The premiere double episode was watched initially by 750,000 viewers excluding online viewers in Norway (a market share of 45%), with its Total Screen rating reaching 1.322 million viewers when online viewings over a longer period are included. There were over 1 million total viewers for every episode of the series. The final episode was watched by 703,000 viewers on its initial broadcast, with its total audience expected to reach 1.2 million.

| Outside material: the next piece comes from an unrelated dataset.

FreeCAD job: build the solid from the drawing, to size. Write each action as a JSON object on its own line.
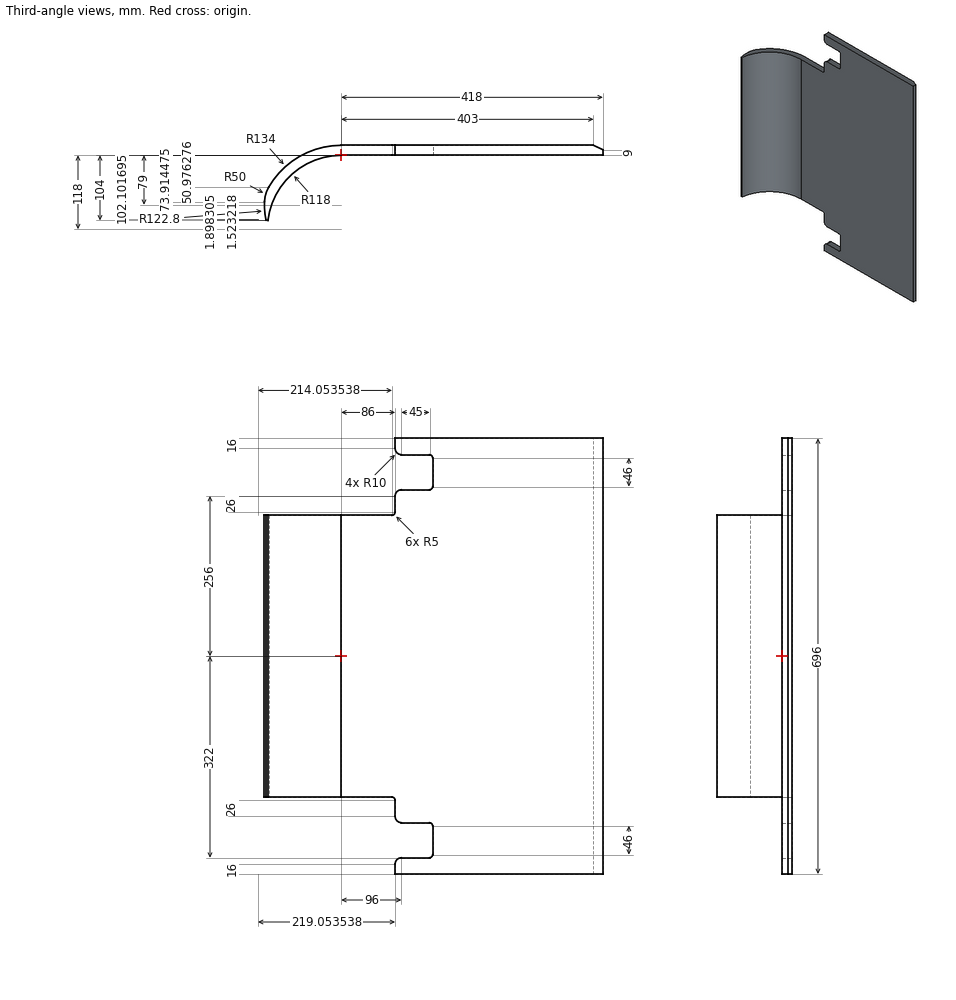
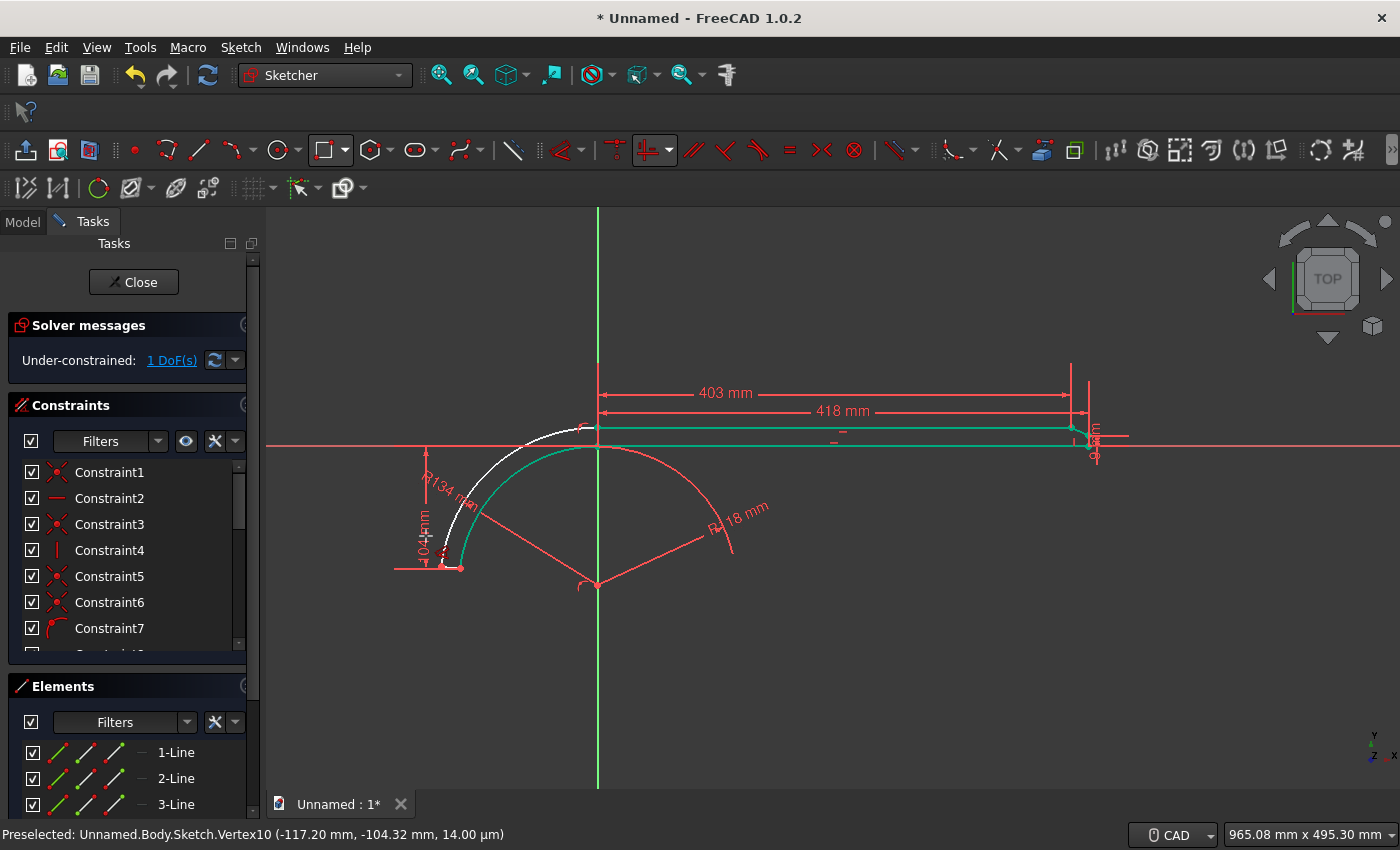
{"action": "scroll", "coordinate": [451, 568], "scroll_direction": "up", "scroll_amount": 15}

The series was nominated for the 2016 Prix Italia in the TV drama category. It won the 2016 Prix Europa Media Award for Best European TV movie/mini-series, and in 2017, it won the Rose d'Or in the Drama Series category.

==Episodes==

| No. | Title | Directed by | Written by | Original airdate (Norway) | Netflix airdate |
|---|---|---|---|---|---|
| 1 | "Episode 1.1" | Per-Olav Sørensen | Mette M. Bølstad & Stephen Uhlander | 25 September 2016 | 13 December 2016 |
| 2 | "Episode 1.2" | Per-Olav Sørensen | Mette M. Bølstad & Stephen Uhlander | 25 September 2016 | 13 December 2016 |
| 3 | "Episode 1.3" | Per-Olav Sørensen | Mette M. Bølstad & Stephen Uhlander | 2 October 2016 | 13 December 2016 |
| 4 | "Episode 1.4" | Per-Olav Sørensen | Mette M. Bølstad & Stephen Uhlander | 9 October 2016 | 13 December 2016 |
| 5 | "Episode 1.5" | Per-Olav Sørensen | Mette M. Bølstad & Stephen Uhlander | 16 October 2016 | 13 December 2016 |
| 6 | "Episode 1.6" | Per-Olav Sørensen | Mette M. Bølstad & Stephen Uhlander | 23 October 2016 | 13 December 2016 |
| 7 | "Episode 1.7" | Per-Olav Sørensen | Mette M. Bølstad & Stephen Uhlander | 30 October 2016 | 13 December 2016 |
| 8 | "Episode 1.8" | Per-Olav Sørensen | Mette M. Bølstad & Stephen Uhlander | 6 November 2016 | 13 December 2016 |

==Awards and nominations==

| Year | Organization | Category | Result | Ref. |
| 2016 | Prix Italia | TV drama | Nominated |  |
| Prix Europa | Best European TV movie/mini-series | Won |  |
| 2017 | Gullruten | Best TV drama | Nominated |  |
| Rose d'Or | Drama series | Won |  |

==Home Video==

Nobel was released on DVD in the UK on 12 November 2018.